Ansar Dine, l’un des groupes islamistes armés occupant le nord du Mali, a solennellement proclamé mardi à Ouagadougou son rejet du « terrorisme » et appelé au dialogue, alors que se prépare une intervention militaire africaine.
« Ansar Dine rejette toute forme d’extrémisme et de terrorisme et s’engage à lutter contre la criminalité transfrontalière organisée », indique une déclaration lue par un membre de la délégation du groupe présente à Ouagadougou depuis le 2 novembre et reçue par le président burkinabè Blaise Compaoré, médiateur dans la crise malienne pour la Communauté économique des Etats d’Afrique de l’Ouest (Cédéao).
Cette déclaration marque un tournant car elle semble traduire une prise de distance d’Ansar Dine (Défenseurs de l’islam) avec ses alliés jihadistes d’Al-Qaïda au Maghreb islamique (Aqmi) et du Mouvement pour l’unicité et le jihad en Afrique de l’Ouest (Mujao), avec qui il contrôle le nord du Mali.
Ces groupes y imposent la charia (loi islamique) de manière très rigoriste (lapidations de couples non mariés, amputations de présumés voleurs…) et y commettent de nombreuses exactions.
Tout en saluant ces engagements, le chef de la diplomatie burkinabè, Djibrill Bassolé, a d’ailleurs souhaité qu’ils aillent « au-delà de la déclaration d’intention » et se traduisent en « actes ».
Il faut que les groupes armés du Nord malien « s’abstiennent d’actes et d’exactions qui prennent l’allure de provocations inutiles », a-t-il insisté, alors qu’Ansar Dine n’a pas fait de référence à la charia et a seulement évoqué le « respect des droits et des libertés fondamentales ».

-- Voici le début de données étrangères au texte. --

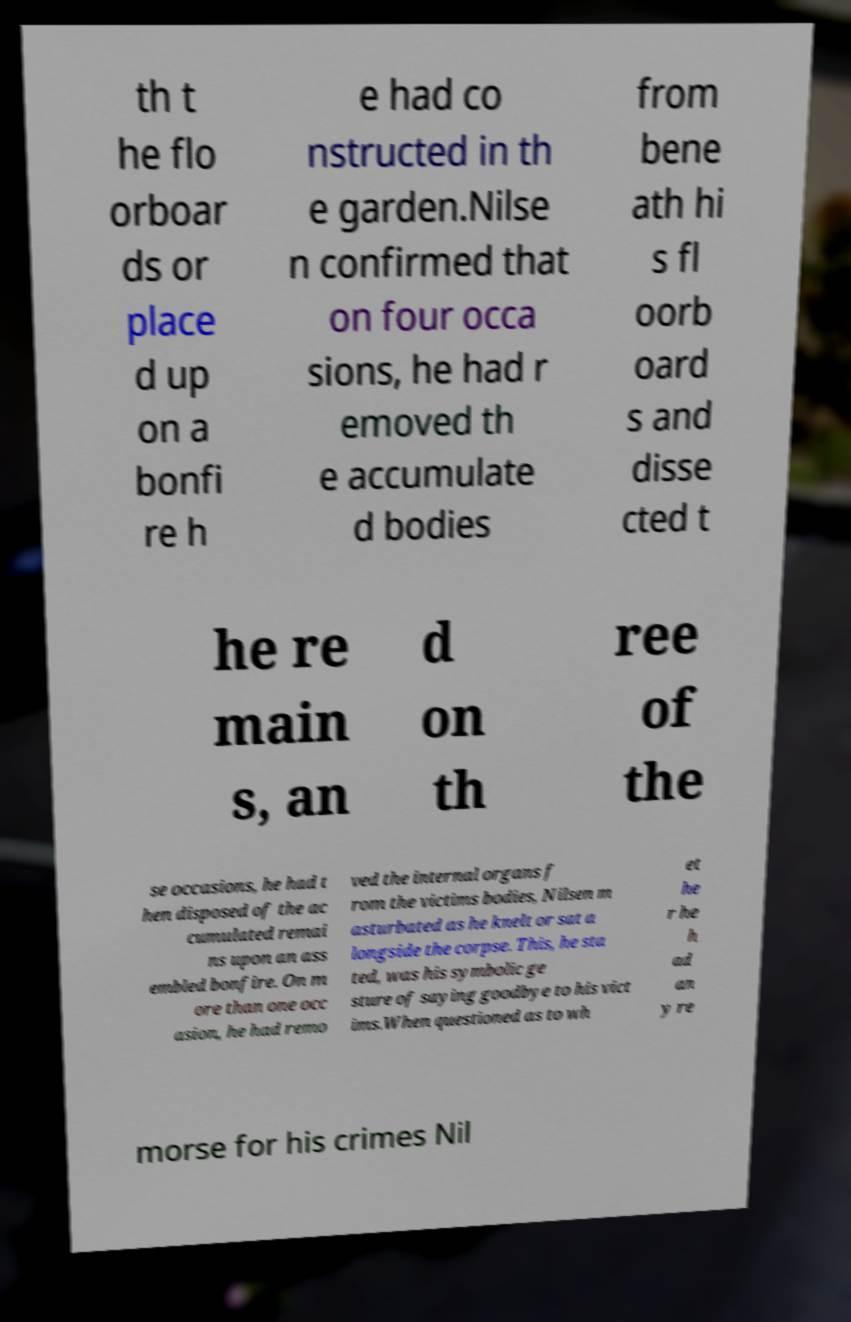Please identify and transcribe the text found in this image. th t he flo orboar ds or place d up on a bonfi re h e had co nstructed in th e garden.Nilse n confirmed that on four occa sions, he had r emoved th e accumulate d bodies from bene ath hi s fl oorb oard s and disse cted t he re main s, an d on th ree of the se occasions, he had t hen disposed of the ac cumulated remai ns upon an ass embled bonfire. On m ore than one occ asion, he had remo ved the internal organs f rom the victims bodies, Nilsen m asturbated as he knelt or sat a longside the corpse. This, he sta ted, was his symbolic ge sture of saying goodbye to his vict ims.When questioned as to wh et he r he h ad an y re morse for his crimes Nil 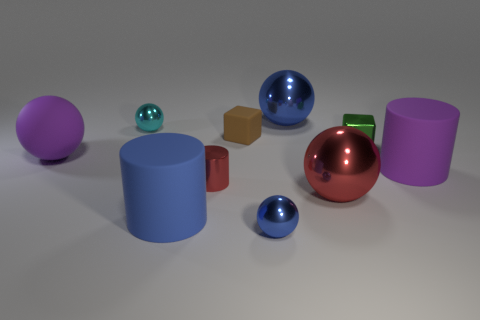Is the material of the blue cylinder the same as the tiny cube right of the brown cube?
Offer a terse response. No. There is a large metal ball in front of the blue ball that is to the right of the blue metal ball in front of the big red object; what is its color?
Provide a short and direct response. Red. What material is the red object that is the same size as the green thing?
Offer a terse response. Metal. How many red cylinders have the same material as the green object?
Offer a terse response. 1. Does the purple matte object to the right of the red metal cylinder have the same size as the blue thing that is in front of the big blue matte object?
Your answer should be compact. No. There is a matte cylinder that is behind the big blue matte cylinder; what color is it?
Your response must be concise. Purple. What is the material of the sphere that is the same color as the small shiny cylinder?
Make the answer very short. Metal. How many other tiny balls are the same color as the matte ball?
Your answer should be very brief. 0. There is a red metal cylinder; does it have the same size as the rubber cylinder that is left of the small brown matte thing?
Provide a short and direct response. No. There is a cube that is on the left side of the blue ball behind the large rubber cylinder right of the small matte block; what is its size?
Give a very brief answer. Small. 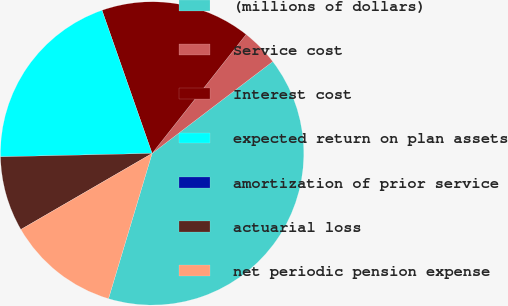Convert chart to OTSL. <chart><loc_0><loc_0><loc_500><loc_500><pie_chart><fcel>(millions of dollars)<fcel>Service cost<fcel>Interest cost<fcel>expected return on plan assets<fcel>amortization of prior service<fcel>actuarial loss<fcel>net periodic pension expense<nl><fcel>40.0%<fcel>4.0%<fcel>16.0%<fcel>20.0%<fcel>0.0%<fcel>8.0%<fcel>12.0%<nl></chart> 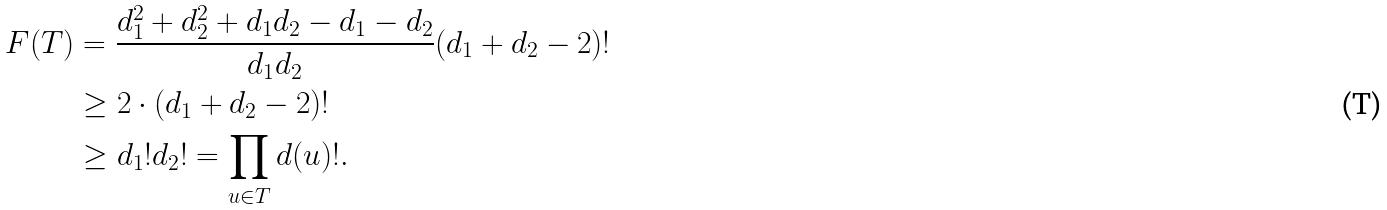<formula> <loc_0><loc_0><loc_500><loc_500>F ( T ) & = \frac { d _ { 1 } ^ { 2 } + d _ { 2 } ^ { 2 } + d _ { 1 } d _ { 2 } - d _ { 1 } - d _ { 2 } } { d _ { 1 } d _ { 2 } } ( d _ { 1 } + d _ { 2 } - 2 ) ! \\ & \geq 2 \cdot ( d _ { 1 } + d _ { 2 } - 2 ) ! \\ & \geq d _ { 1 } ! d _ { 2 } ! = \prod _ { u \in T } d ( u ) ! .</formula> 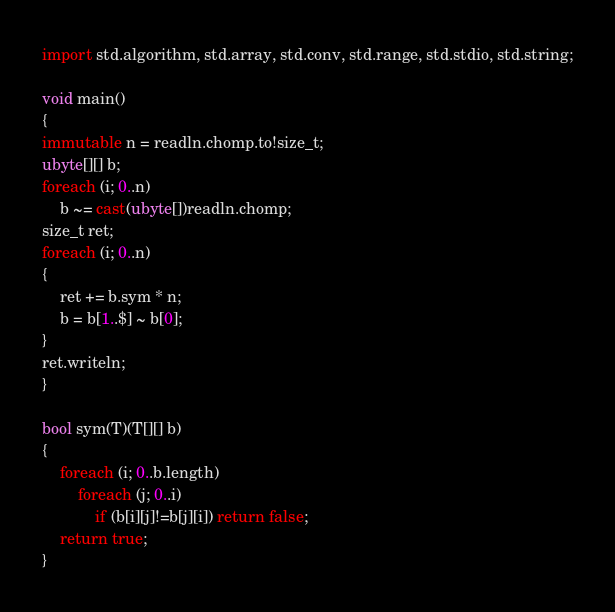Convert code to text. <code><loc_0><loc_0><loc_500><loc_500><_D_>import std.algorithm, std.array, std.conv, std.range, std.stdio, std.string;

void main()
{
immutable n = readln.chomp.to!size_t;
ubyte[][] b;
foreach (i; 0..n)
    b ~= cast(ubyte[])readln.chomp;
size_t ret;
foreach (i; 0..n)
{
    ret += b.sym * n;
    b = b[1..$] ~ b[0];
}
ret.writeln;
}

bool sym(T)(T[][] b)
{
    foreach (i; 0..b.length)
        foreach (j; 0..i)
            if (b[i][j]!=b[j][i]) return false;
    return true;
}</code> 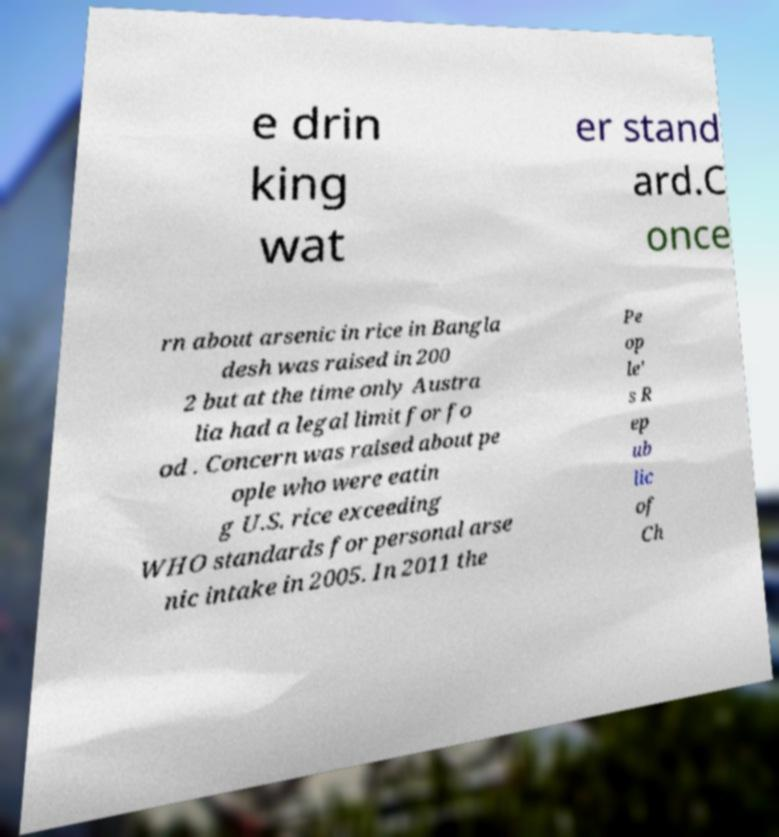There's text embedded in this image that I need extracted. Can you transcribe it verbatim? e drin king wat er stand ard.C once rn about arsenic in rice in Bangla desh was raised in 200 2 but at the time only Austra lia had a legal limit for fo od . Concern was raised about pe ople who were eatin g U.S. rice exceeding WHO standards for personal arse nic intake in 2005. In 2011 the Pe op le' s R ep ub lic of Ch 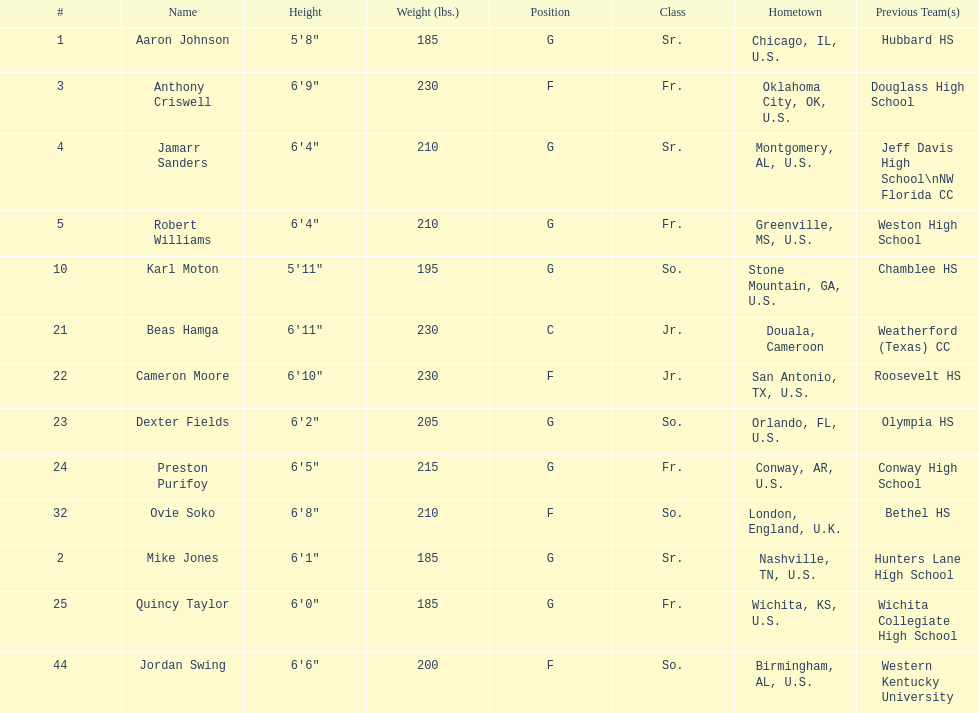What is the difference in weight between dexter fields and quincy taylor? 20. 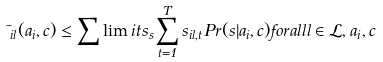<formula> <loc_0><loc_0><loc_500><loc_500>\mu _ { i l } ( a _ { i } , c ) \leq \sum \lim i t s _ { s } \sum _ { t = 1 } ^ { T } s _ { i l , t } P r ( s | a _ { i } , c ) f o r a l l l \in \mathcal { L } , a _ { i } , c</formula> 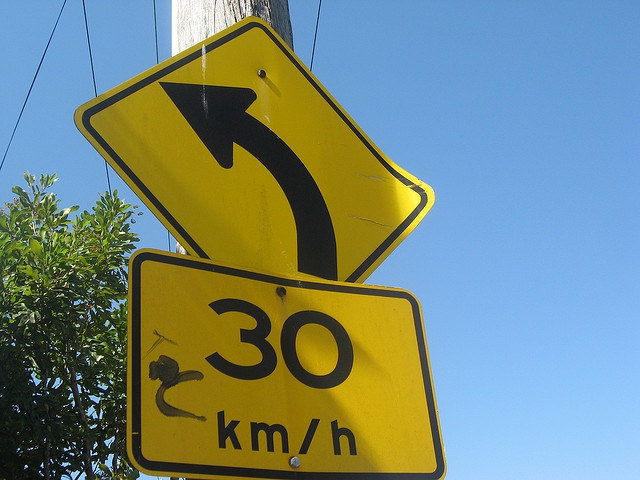Describe the objects in this image and their specific colors. I can see various objects in this image with different colors.

De son côté, un responsable de la rébellion touareg du Mouvement national de libération de l’Azawad (MNLA), Ibrahim Ag Assaleh, a depuis Ouagadougou « félicité » Ansar Dine pour s’être « démarqué du terrorisme », et a lui aussi réclamé le dialogue. Laïc et prônant l’autodétermination, le MNLA avait été évincé de la région par les islamistes. Mais il est largement considéré comme un acteur d’une éventuelle solution négociée.
Ansar Dine, surtout composé de Touareg maliens comme son chef Iyad Ag Ghaly alors que les groupes jihadistes sont taxés d' »étrangers », a exhorté à ouvrir sans délai un « dialogue politique inclusif », à l’adresse des autorités maliennes de transition comme des autres groupes armés.
En vue d’un « accord global de paix », il a « recommandé » à M. Compaoré « la mise en place d’un cadre de dialogue » associant Bamako, les « mouvements armés maliens », l’Algérie et d’autres partenaires internationaux.
Il s’est enfin engagé à « un arrêt total des hostilités » et a appelé « l’ensemble des mouvements armés » à l’imiter.
« Récupérer le Nord »
Si le revirement d’Ansar Dine se confirme, une intervention armée africaine dans le nord du Mali ne devrait viser que les organisations islamistes « terroristes ».
Des chefs d’état-major de la Communauté économique des Etats d’Afrique de l’Ouest (Cédéao) étaient réunis mardi à Bamako pour étudier le plan d’opération de cette force armée qui a été élaboré par des experts internationaux.
Ce « concept d’opération » devrait ensuite être approuvé par les dirigeants politiques régionaux, puis transmis avant le 26 novembre au Conseil de sécurité de l’ONU, qui a voté le 12 octobre une résolution donnant à la Cédéao 45 jours pour préciser ses plans.
L’enjeu est d' »aider rapidement le Mali à récupérer le Nord », a déclaré le général Soumaïla Bakayoko, chef d’état-major de l’armée ivoirienne, dont le pays préside la Cédéao.
Des troupes non-africaines pourraient participer à l’opération si les chefs d’Etat africains donnent leur accord, avaient indiqué lundi des experts.
Jusqu’à présent, la France et les Etats-Unis ont toujours écarté l’idée d’envoyer des troupes, mais se sont déclarés prêts à fournir un appui logistique. Des responsables ouest-africains espèrent une intervention de leur aviation, qui pourrait s’avérer décisive pour chasser les groupes islamistes.
Selon un responsable africain, le nombre de militaires de la force de la Cédéao « pourrait atteindre les 4.000 au lieu des 3.000 initialement prévus » et ils seraient répartis « un peu partout » au Mali.